▽
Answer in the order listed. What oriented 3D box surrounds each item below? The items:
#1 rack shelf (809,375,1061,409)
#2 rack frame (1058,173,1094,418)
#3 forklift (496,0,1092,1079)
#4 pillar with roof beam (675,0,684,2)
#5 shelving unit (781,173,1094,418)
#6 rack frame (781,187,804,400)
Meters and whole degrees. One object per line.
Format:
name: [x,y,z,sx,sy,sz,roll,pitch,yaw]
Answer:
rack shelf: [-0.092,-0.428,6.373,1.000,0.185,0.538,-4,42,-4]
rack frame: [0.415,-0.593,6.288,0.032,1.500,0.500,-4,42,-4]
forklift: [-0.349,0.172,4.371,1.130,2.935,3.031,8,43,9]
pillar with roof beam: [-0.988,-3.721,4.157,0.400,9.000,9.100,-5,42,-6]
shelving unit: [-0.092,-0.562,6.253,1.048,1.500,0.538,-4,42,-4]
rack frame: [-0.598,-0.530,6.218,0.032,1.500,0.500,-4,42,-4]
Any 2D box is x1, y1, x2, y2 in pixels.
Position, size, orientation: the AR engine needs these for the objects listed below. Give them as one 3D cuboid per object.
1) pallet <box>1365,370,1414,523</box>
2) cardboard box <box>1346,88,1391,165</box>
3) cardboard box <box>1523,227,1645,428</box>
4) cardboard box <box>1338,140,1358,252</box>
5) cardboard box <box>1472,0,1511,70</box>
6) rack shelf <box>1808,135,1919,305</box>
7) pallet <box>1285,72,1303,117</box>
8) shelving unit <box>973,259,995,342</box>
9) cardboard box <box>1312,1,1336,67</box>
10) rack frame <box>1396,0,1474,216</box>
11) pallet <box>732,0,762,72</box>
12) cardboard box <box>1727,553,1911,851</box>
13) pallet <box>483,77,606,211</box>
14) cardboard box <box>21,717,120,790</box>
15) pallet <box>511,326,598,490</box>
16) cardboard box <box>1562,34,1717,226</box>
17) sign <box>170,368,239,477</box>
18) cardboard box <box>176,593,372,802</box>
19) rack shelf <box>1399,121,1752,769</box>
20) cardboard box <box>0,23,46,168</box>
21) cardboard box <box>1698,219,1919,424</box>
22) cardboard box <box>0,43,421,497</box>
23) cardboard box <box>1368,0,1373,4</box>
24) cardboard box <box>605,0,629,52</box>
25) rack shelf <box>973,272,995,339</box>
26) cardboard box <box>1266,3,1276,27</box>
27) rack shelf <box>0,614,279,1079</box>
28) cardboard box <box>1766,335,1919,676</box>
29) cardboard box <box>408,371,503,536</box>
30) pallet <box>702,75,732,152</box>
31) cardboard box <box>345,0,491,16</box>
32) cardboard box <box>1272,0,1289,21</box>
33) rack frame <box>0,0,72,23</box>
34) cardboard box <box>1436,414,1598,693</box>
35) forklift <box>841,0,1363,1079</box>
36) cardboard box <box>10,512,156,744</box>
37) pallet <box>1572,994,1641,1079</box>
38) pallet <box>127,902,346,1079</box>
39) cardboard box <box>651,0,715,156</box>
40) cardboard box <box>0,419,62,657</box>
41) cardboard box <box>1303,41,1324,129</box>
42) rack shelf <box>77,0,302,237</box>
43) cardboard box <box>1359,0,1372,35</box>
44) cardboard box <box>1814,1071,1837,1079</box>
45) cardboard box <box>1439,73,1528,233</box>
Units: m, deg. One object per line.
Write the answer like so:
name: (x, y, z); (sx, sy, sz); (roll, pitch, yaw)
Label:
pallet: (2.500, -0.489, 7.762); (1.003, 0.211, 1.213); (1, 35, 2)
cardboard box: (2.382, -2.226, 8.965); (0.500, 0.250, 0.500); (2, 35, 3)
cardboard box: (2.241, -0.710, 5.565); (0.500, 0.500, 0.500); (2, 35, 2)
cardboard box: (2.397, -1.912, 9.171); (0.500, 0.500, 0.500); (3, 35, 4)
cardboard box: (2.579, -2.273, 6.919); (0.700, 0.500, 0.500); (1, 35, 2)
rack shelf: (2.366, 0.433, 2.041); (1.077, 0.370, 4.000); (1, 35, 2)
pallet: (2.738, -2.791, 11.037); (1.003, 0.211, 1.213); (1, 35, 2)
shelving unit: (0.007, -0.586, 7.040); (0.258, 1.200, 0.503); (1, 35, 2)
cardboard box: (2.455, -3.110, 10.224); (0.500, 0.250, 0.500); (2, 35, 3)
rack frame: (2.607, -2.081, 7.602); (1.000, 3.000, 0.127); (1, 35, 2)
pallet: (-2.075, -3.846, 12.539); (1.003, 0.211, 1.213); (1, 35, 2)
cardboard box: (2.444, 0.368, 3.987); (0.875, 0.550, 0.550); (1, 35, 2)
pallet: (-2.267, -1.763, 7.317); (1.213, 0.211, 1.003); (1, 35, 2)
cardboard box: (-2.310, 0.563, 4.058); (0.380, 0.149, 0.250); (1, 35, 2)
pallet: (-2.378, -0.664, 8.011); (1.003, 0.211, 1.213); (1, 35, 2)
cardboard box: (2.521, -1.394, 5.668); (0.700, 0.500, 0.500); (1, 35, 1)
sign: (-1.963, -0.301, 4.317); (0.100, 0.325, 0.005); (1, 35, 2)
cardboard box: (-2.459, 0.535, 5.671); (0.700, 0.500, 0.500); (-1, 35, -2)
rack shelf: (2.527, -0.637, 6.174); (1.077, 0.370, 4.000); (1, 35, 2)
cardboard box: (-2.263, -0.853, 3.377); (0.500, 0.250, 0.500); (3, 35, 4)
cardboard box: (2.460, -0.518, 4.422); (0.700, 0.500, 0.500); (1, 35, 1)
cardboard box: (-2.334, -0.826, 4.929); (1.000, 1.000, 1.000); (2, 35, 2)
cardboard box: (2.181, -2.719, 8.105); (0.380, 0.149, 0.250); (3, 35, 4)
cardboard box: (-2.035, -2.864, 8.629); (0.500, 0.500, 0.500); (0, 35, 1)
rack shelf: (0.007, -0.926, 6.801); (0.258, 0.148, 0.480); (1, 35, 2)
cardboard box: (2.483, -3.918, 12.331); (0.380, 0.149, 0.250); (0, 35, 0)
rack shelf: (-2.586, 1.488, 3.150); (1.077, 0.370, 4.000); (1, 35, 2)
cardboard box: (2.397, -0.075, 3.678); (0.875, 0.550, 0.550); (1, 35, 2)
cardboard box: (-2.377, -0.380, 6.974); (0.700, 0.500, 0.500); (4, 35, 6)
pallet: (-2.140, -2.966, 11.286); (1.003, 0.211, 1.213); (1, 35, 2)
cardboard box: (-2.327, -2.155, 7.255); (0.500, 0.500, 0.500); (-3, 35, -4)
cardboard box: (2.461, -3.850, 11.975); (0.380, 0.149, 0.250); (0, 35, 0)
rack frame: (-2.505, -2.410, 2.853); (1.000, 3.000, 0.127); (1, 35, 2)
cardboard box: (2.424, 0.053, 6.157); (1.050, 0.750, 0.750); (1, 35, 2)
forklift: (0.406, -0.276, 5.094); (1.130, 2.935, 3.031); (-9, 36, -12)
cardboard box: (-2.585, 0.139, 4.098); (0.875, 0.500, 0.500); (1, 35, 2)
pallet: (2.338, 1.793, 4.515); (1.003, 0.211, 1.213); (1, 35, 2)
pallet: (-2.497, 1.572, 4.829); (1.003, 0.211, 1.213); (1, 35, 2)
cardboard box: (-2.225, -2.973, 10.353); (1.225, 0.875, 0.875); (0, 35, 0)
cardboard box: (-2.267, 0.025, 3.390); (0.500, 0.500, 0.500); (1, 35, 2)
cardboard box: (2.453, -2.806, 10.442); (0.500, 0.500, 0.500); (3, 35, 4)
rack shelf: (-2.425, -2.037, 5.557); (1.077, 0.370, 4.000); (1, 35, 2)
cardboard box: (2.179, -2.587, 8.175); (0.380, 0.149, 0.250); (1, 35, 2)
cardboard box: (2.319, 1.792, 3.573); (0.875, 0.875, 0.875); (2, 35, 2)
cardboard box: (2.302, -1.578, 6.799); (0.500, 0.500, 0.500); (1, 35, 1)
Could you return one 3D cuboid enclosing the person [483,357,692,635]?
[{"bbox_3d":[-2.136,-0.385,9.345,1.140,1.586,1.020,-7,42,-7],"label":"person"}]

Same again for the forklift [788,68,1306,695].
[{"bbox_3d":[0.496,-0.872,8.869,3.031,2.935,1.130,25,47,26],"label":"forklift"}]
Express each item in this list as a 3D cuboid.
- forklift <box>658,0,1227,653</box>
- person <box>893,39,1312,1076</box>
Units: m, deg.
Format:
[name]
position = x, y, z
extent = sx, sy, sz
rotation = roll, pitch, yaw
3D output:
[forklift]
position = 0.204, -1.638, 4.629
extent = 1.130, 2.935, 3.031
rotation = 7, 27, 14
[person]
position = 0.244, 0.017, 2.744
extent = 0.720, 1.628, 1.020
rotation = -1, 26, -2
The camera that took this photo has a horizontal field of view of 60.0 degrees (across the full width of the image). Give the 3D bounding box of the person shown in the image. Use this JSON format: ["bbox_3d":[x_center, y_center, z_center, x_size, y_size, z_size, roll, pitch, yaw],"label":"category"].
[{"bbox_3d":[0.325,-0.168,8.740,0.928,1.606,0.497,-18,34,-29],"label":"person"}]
△
▸ **WHAT IS BEING ASKED**
Take the listing above and repeat exactly the lines from the one containing "name: [x,y,z,sx,sy,sz,roll,pitch,yaw]" through the one containing "13) pallet <box>483,77,606,211</box>", both included.

▸ **SOLVED EXERCISE**
name: [x,y,z,sx,sy,sz,roll,pitch,yaw]
Answer:
rack shelf: [-0.092,-0.428,6.373,1.000,0.185,0.538,-4,42,-4]
rack frame: [0.415,-0.593,6.288,0.032,1.500,0.500,-4,42,-4]
forklift: [-0.349,0.172,4.371,1.130,2.935,3.031,8,43,9]
pillar with roof beam: [-0.988,-3.721,4.157,0.400,9.000,9.100,-5,42,-6]
shelving unit: [-0.092,-0.562,6.253,1.048,1.500,0.538,-4,42,-4]
rack frame: [-0.598,-0.530,6.218,0.032,1.500,0.500,-4,42,-4]
Any 2D box is x1, y1, x2, y2 in pixels.
Position, size, orientation: the AR engine needs these for the objects listed below. Give them as one 3D cuboid per object.
1) pallet <box>1365,370,1414,523</box>
2) cardboard box <box>1346,88,1391,165</box>
3) cardboard box <box>1523,227,1645,428</box>
4) cardboard box <box>1338,140,1358,252</box>
5) cardboard box <box>1472,0,1511,70</box>
6) rack shelf <box>1808,135,1919,305</box>
7) pallet <box>1285,72,1303,117</box>
8) shelving unit <box>973,259,995,342</box>
9) cardboard box <box>1312,1,1336,67</box>
10) rack frame <box>1396,0,1474,216</box>
11) pallet <box>732,0,762,72</box>
12) cardboard box <box>1727,553,1911,851</box>
13) pallet <box>483,77,606,211</box>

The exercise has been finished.